Tencent beat earnings expectations thanks to ads and a whopping one-time gain, buying it time to find an answer for its plateauing core gaming business.
The social media titan posted net income of ¥23.3bn ($3.4bn) for the September quarter after recording a windfall of ¥8.8bn from investments, including the debut of Meituan Dianping. But revenue grew at its slowest pace in three years as a Chinese clampdown on gaming licenses continued to hammer its bread-and-butter division.
The government has effectively frozen new game approvals, which means Tencent’s been unable to make money off global hits Fortnite and PlayerUnknown’s Battlegrounds. That’s seen the stock - the biggest member of the MSCI Asia Pacific Index - shed more than $240bn of market value since a January peak.

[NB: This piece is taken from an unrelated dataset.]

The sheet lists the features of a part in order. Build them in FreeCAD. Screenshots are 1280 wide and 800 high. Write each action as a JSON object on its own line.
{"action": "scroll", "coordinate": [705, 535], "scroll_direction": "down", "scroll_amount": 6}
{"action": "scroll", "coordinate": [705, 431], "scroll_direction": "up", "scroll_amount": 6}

While China is trying to combat gaming addiction and is reshuffling regulators, uncertainty persists with Tencent counting on its WeChat social network, advertising and belt-tightening to tide it over the drought.

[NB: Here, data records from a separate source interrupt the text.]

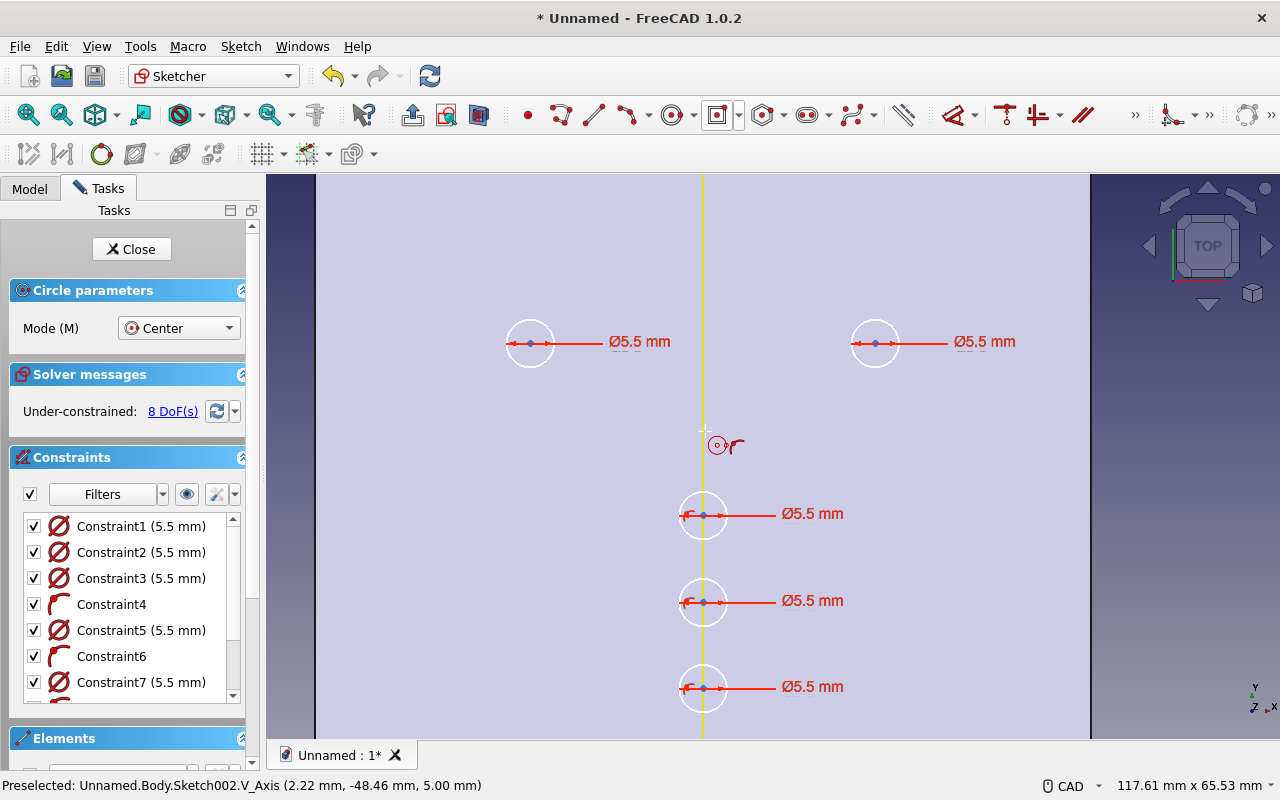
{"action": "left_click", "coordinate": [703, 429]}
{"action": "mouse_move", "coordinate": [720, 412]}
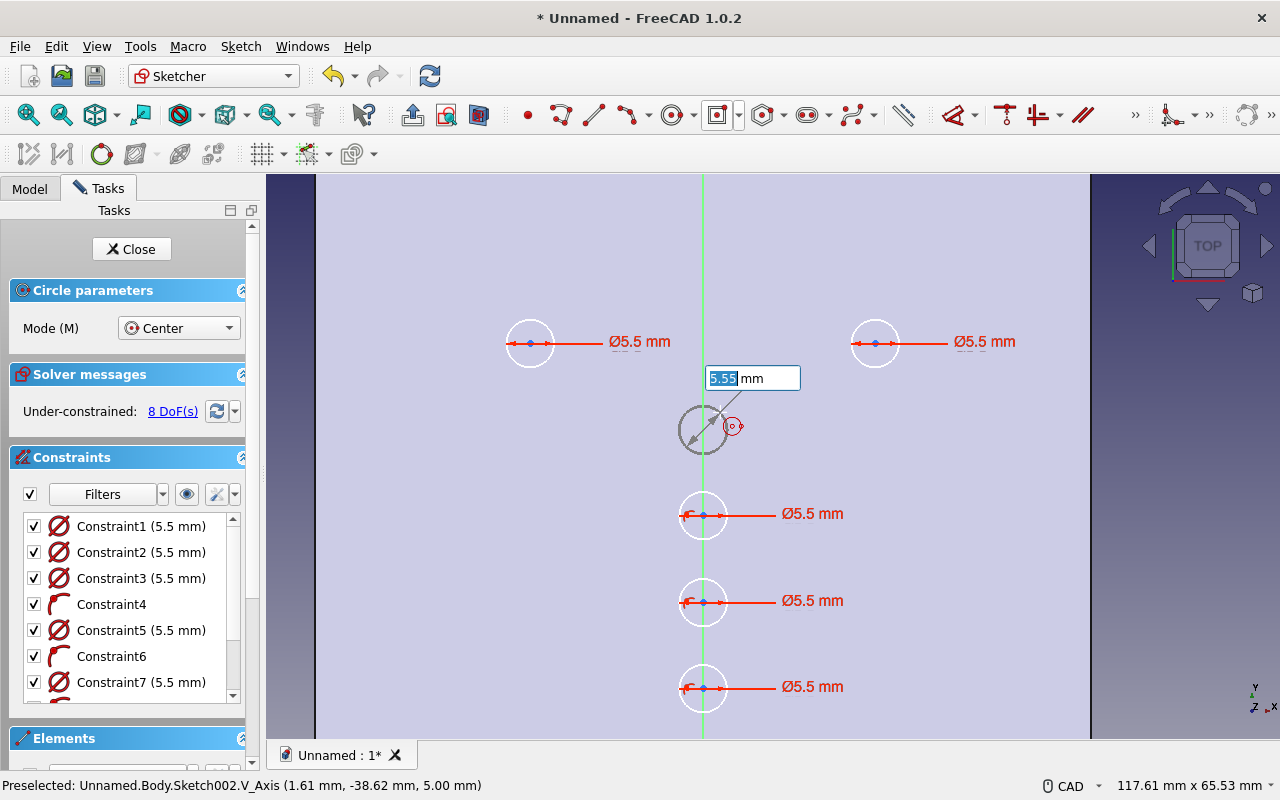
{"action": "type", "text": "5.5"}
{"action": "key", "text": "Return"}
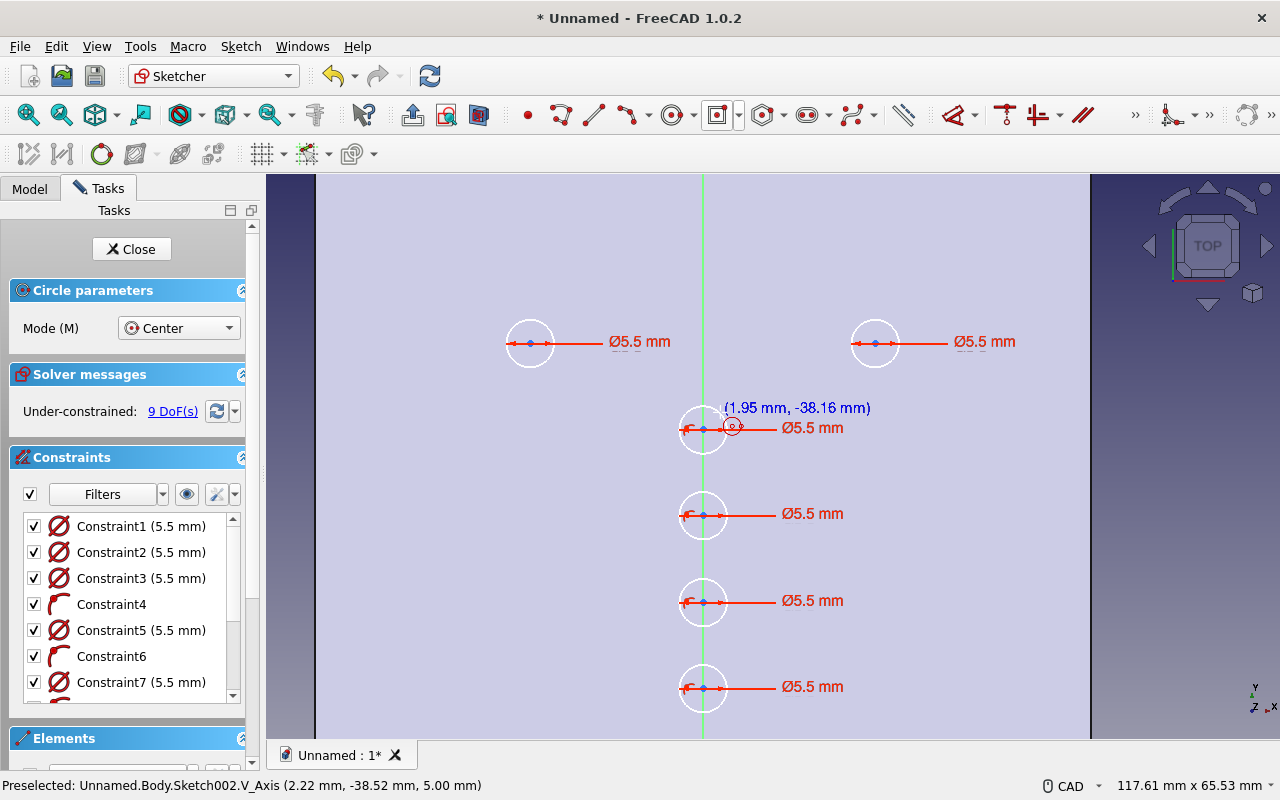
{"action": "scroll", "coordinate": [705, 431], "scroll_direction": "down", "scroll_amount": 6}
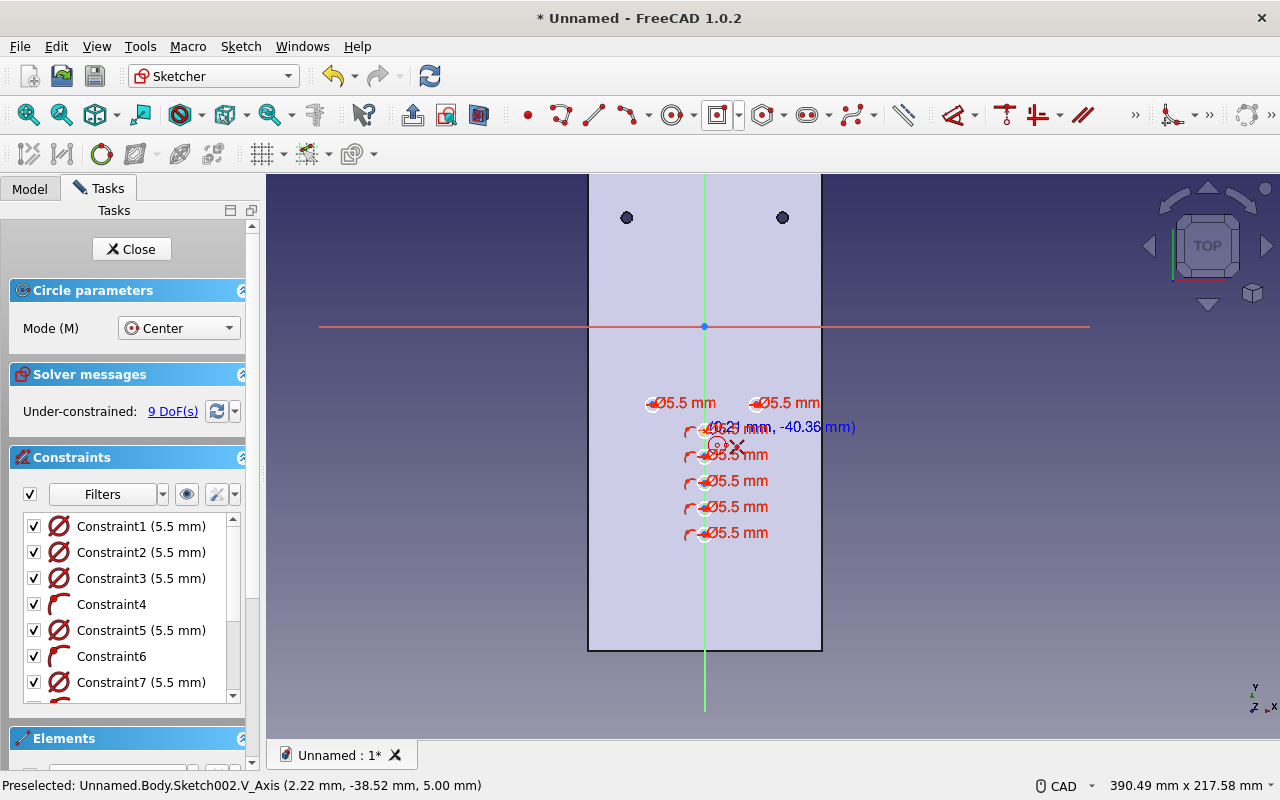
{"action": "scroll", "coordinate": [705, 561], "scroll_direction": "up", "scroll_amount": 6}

“People are just relieved that they didn’t perform even worse, so the shares could open up higher,” said Li Yujie, an analyst at RHB Research Institute in Hong Kong. “But the shares might not hold up for the full day, because if you look beyond the headline figures, you can see its gaming business is under stress.”
Tencent’s earnings also bucked a recent trend of disappointing results from China’s technology companies as a slowdown in the economy dampens the outlook. Alibaba cut its outlook for annual revenue, while search leader Baidu also predicted sales below estimates. Naspers, the biggest shareholder in Tencent, gained more than 3% in Johannesburg.
The profit rise of 30% compares with analyst estimates for growth of about 2%.
“Advertising growth helped the company in revenue this quarter,” said Benjamin Wu, a Shanghai-based analyst at Pacific Epoch. “Its gaming business wasn’t great, the PC gaming revenue is dropping when the third quarter is supposed to be a strong season, that spells trouble for the full year.”
Tencent still commands a powerful asset in WeChat: the ubiquitous messaging service used by more than a billion people to shop, pay for services and hail rides. That’s a massive population of longer-term consumers not just for games and ads but also fledgling services from video to financial services.
The company is also the biggest backer of Meituan, a food delivery and local services giant that held its initial public offering in September and provides another avenue to reach consumers.
That sheer reach is helping power its marketing machine. Online advertising jumped 47R in the third quarter.
The gaming division however still yields more than half its revenue, though that proportion’s dropped steadily as Tencent leverages WeChat. The Value Added Services business, which includes games, grew just 5%. Drilling deeper, revenue from smartphone games climbed just 7%, while sales from PC titles dropped 15%.
Shares of Tencent fell 0.8% on Wednesday before the earnings were released. The stock has slumped 33% this year.
“Tencent’s growth in 3Q smartphone game sales could reverse because of China’s uncertain regulatory environment and typically negative 4Q seasonality,” said Vey-Sern Ling and Tiffany Tam, analysts with Bloomberg Intelligence. “The 11% sequential gain was driven by positive seasonality and new titles that received monetisation approvals prior to a regulatory freeze.”